La construction des grands barrages impacte négativement les écosystèmes. Ils perturbent le débit, la faune et la flore des rivières et des fleuves et dégradent la qualité de l’eau. L’inondation du bassin peut entraîner la disparition d’espèces végétales et animales endémiques.

Grands barrages et droits des peuples

Les projets de grands barrages sont souvent présentés comme un vecteur de développement pour les populations locales. Pourtant, les populations locales sont rarement consultées lors de l’élaboration de ces projets et les conséquences pour elles peuvent être catastrophiques. Ainsi, en 2000, la Commission Mondiale des Barrages comptabilisait entre 40 et 80 millions de personnes déplacées dans le monde du fait de la construction des barrages. Les populations les plus touchées sont souvent les populations autochtones et rurales.
La dégradation des écosystèmes entraîne une modification profonde des modes de vie des populations notamment du fait de la diminution des zones cultivables et des stocks de poissons, de la déforestation ou de l’apparition de maladies (paludisme…). Ainsi, selon les Amis de la Terre, outre les populations déplacées, 472 millions de personnes seraient affectées par les impacts en aval des grands barrages.

Enfin, alors que près de 2 milliards de personnes n’ont pas accès à l’énergie, notamment dans les zones rurales reculées, l’électricité produite par les barrages profite rarement aux populations locales. Elle a vocation à être exportée pour fournir de l’électricité aux grandes villes, aux industries, ou aux pays voisins.

L’énergie hydraulique produite par des barrages de grande taille ne peut être considérée comme une énergie propre. Cette fausse solution nous fait oublier les vraies alternatives : production d’énergie par des sources locales pour satisfaire les besoins des populations les plus isolées (micro-barrages, petit éolien, solaire), réduction de la consommation énergétique des pays du Nord.

En cas de construction d’un grand barrage, le projet doit suivre les recommandations de la Commission Mondiale des Barrages, notamment quant à la consultation des populations locales en respectant le principe du consentement libre, préalable et éclairé des populations autochtones. Ce principe, affirmé par l’article 6 de la convention 169 de l’OIT sur les peuples indigènes et tribaux, impose de « consulter les peuples intéressés, par des procédures appropriées, et en particulier à travers leurs institutions représentatives, chaque fois que l’on envisage des mesures législatives ou administratives susceptibles de les toucher directement. »

Actions de la Fondation

–    Depuis 2000, dans le cadre de son soutien aux populations kurdes, France Libertés s’oppose à la construction du barrage d’Ilisu en Turquie.

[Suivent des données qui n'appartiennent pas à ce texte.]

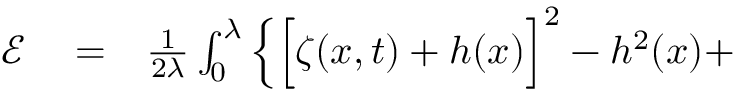Convert formula to latex. <formula><loc_0><loc_0><loc_500><loc_500>\begin{array} { r l r } { \ m a t h s c r { E } } & = } & { \frac { 1 } { 2 \lambda } \int _ { 0 } ^ { \lambda } \Big \{ \Big [ \zeta ( x , t ) + h ( x ) \Big ] ^ { 2 } - h ^ { 2 } ( x ) + } \end{array}</formula> 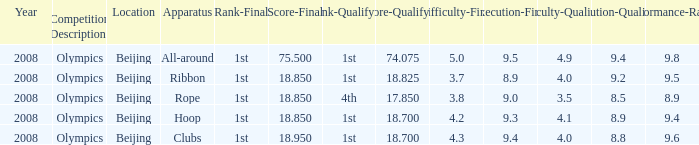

–    Soutien à la campagne de l’association Planète Amazone, dénonçant les conséquences du barrage de Belo Monte sur les peuples autochtones brésiliens, leurs droits à la terre et aux ressources. La construction de ce barrage entraînerait le déplacement de 20 000 personnes et menacerait la survie des peuples indigènes. Une pétition est lancée et des actions de mobilisation coordonnées, en écho aux déclarations présentés par France Libertés et ses partenaires devant le Conseil des Droits de l’Homme de l’ONU.

–    Partenaire de la campagne des Amis de la Terre « À qui profitent vraiment les grands barrages ? » contre le financement des grands barrages dans les pays du Sud par la Banque Européenne d’Investissement. Cette campagne dénonce notamment les impacts des barrages sur les populations locales, le non-respect du consentement libre et éclairé et l’absence de transparence et de respect des droits dans les financements accordés par la BEI. Une cyberaction est lancée et un document d’information et de sensibilisation est diffusé.